III. DO COURTS HAVE THE AUTHORITY TO PROHIBIT THE NEWS MEDIA FROM PUBLISHING OR DISCLOSING INFORMATION OBTAINED WHILE A NEWS MEDIA REPRESENTATIVE WAS PRESENT DURING JUVENILE COURT PROCEEDINGS?
In my judgment, this third question is the easiest of the three to answer, and I do so with an emphatic, “No.”
The last sentence of section 1 — 5(6) of the Act states the following: “However, the court may, for the minor’s protection and for good cause shown, prohibit any person or agency present in court from further disclosing the minor’s identity.” (Ill. Rev. Stat. 1989, ch. 37, par. 801 — 5(6).) In this provision, the legislature has authorized the imposition of restrictions on persons present during proceedings under the Act, such as attorneys or the members of a juvenile’s family, but in doing so, the legislature must be presumed to have intended not to act in violation of the United States Constitution. In my judgment, to hold this provision applicable to the news media would be to violate the first amendment; therefore, this statute must be construed so that the courts are not given authority to impose restrictions upon publication or disclosure by the news media of matters learned by having news media representatives present in the courtroom.

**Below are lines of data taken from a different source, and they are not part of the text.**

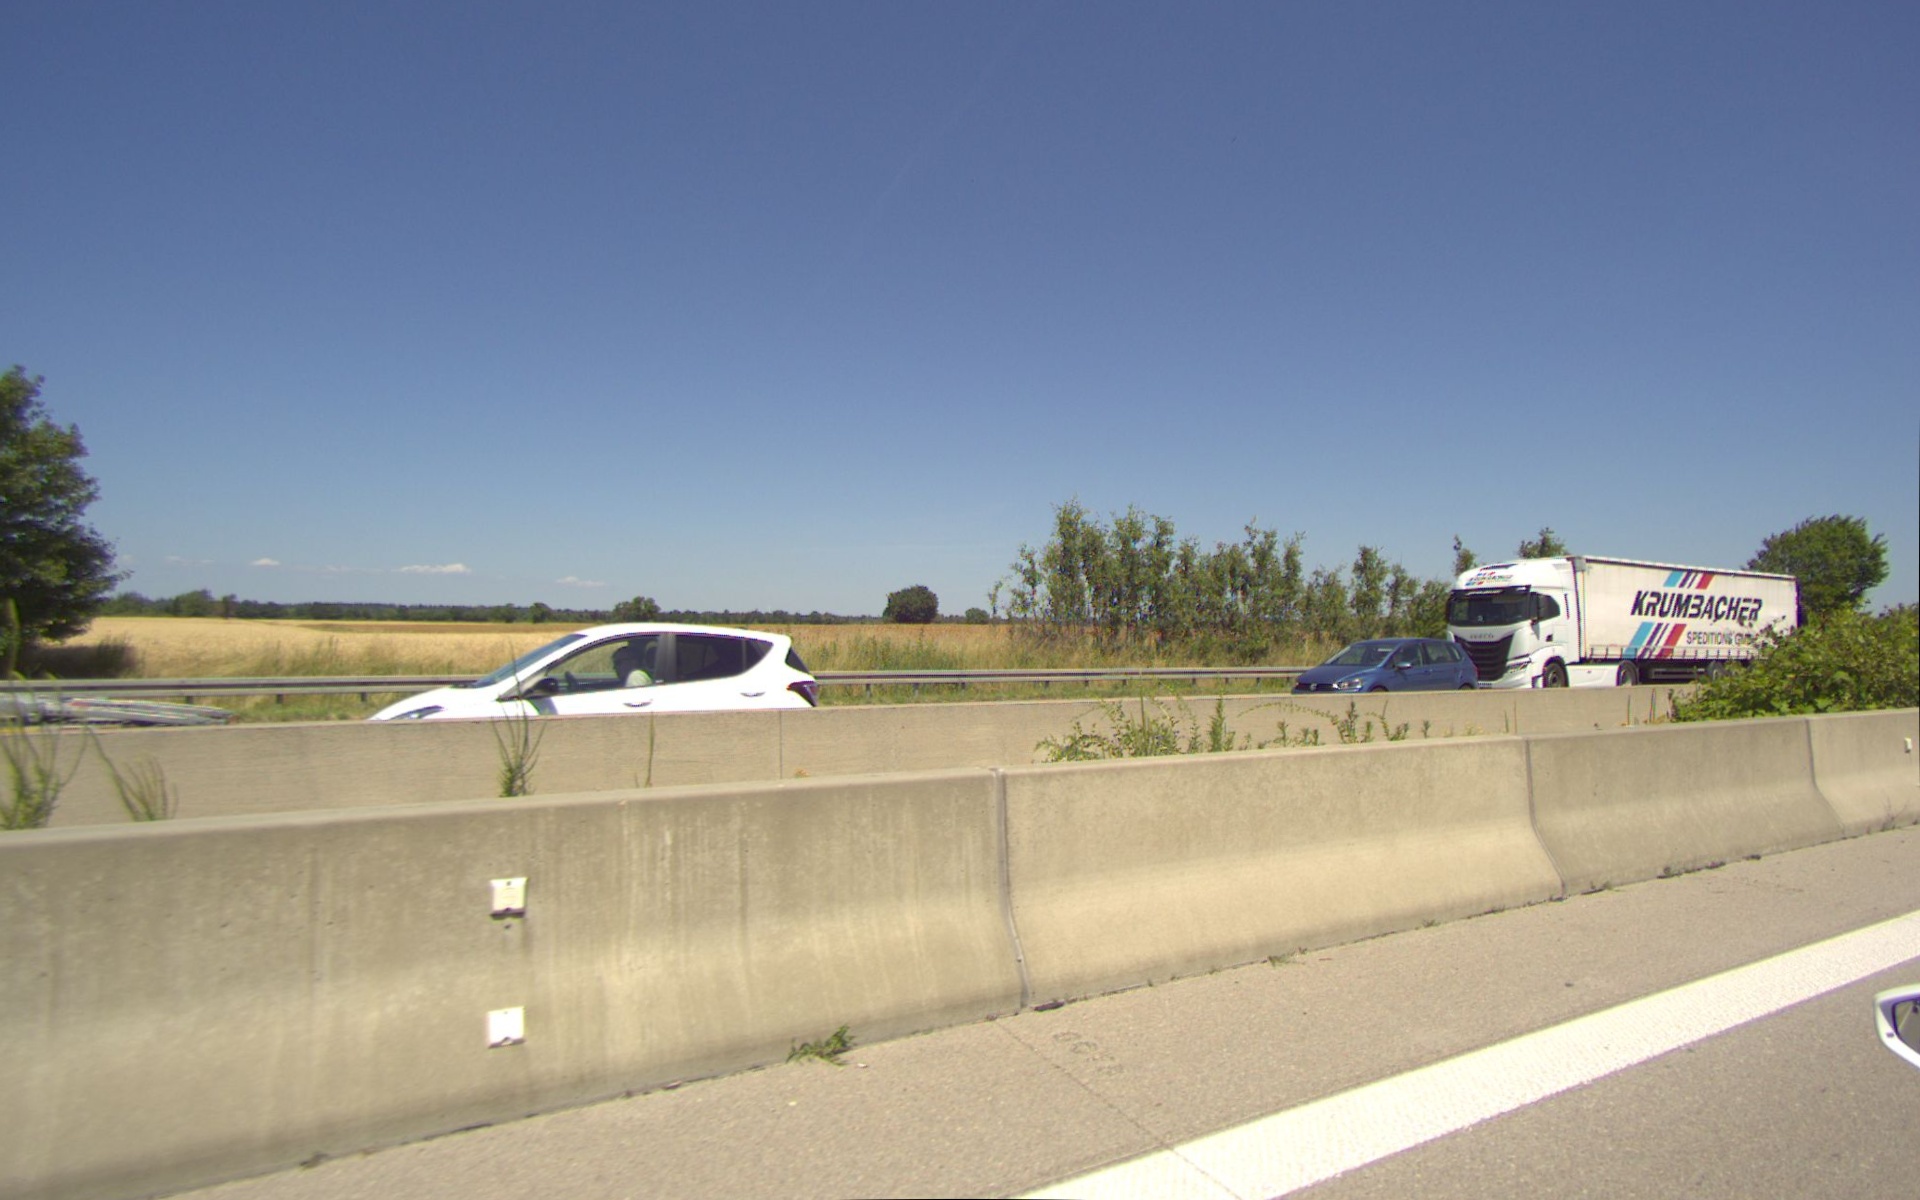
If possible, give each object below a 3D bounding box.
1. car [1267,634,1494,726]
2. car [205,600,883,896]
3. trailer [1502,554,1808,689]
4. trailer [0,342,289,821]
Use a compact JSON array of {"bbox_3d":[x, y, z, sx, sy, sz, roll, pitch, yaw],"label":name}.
[{"bbox_3d":[8.398,1.537,20.005,4.319,1.605,1.984,2,-1,-30],"label":"car"},{"bbox_3d":[-3.087,0.993,8.167,4.660,1.827,1.697,2,-2,-31],"label":"car"},{"bbox_3d":[23.391,0.765,33.314,13.665,3.853,2.757,2,0,-30],"label":"trailer"},{"bbox_3d":[-13.599,-0.310,7.110,14.436,4.093,2.764,2,0,-30],"label":"trailer"}]
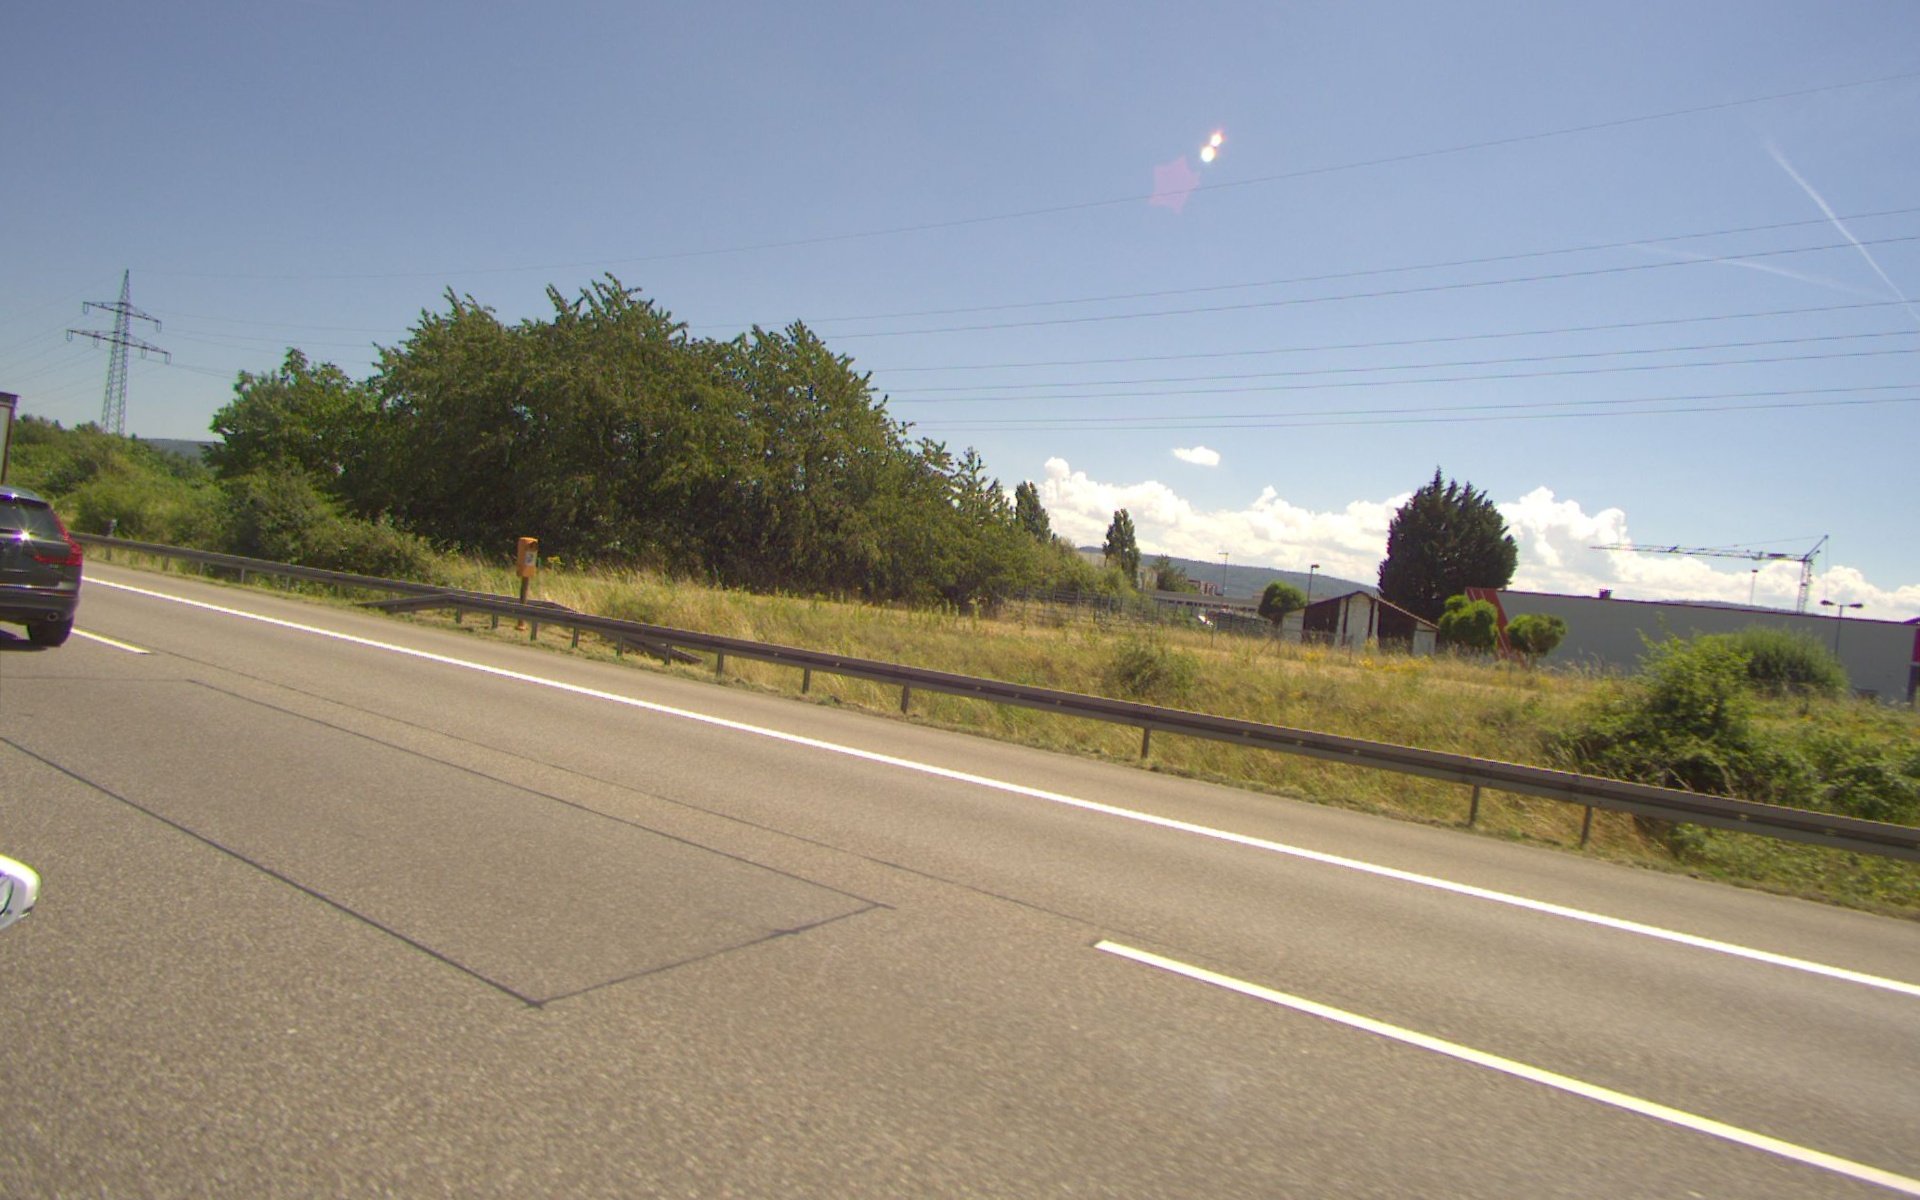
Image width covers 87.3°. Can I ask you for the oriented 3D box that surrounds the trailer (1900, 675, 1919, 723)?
[{"bbox_3d":[49.638,5.138,49.746,2.931,2.412,7.910,7,1,32],"label":"trailer"}]

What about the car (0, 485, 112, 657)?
[{"bbox_3d":[-11.080,-0.490,10.710,3.937,1.642,1.877,6,-1,31],"label":"car"}]

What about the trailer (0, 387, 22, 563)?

“[T]he first amendment strips the State of the power to proscribe the publication of information which has already been lawfully revealed and which has been obtained by lawful means.” (Minor, 127 Ill. 2d at 268, 537 N.E.2d at 301.)
As discussed in part I of this dissent, the news media have the right to be present during juvenile court proceedings; accordingly, anything learned through their presence has, by definition, been lawfully revealed to them and “obtained by lawful means.” Any court orders purporting to limit the use of information obtained through media presence would be an improper effort to impose a prior restraint upon the freedom of the press and would be in violation of the United States Constitution.
For the reasons stated, the orders on appeal should be reversed in their entirety.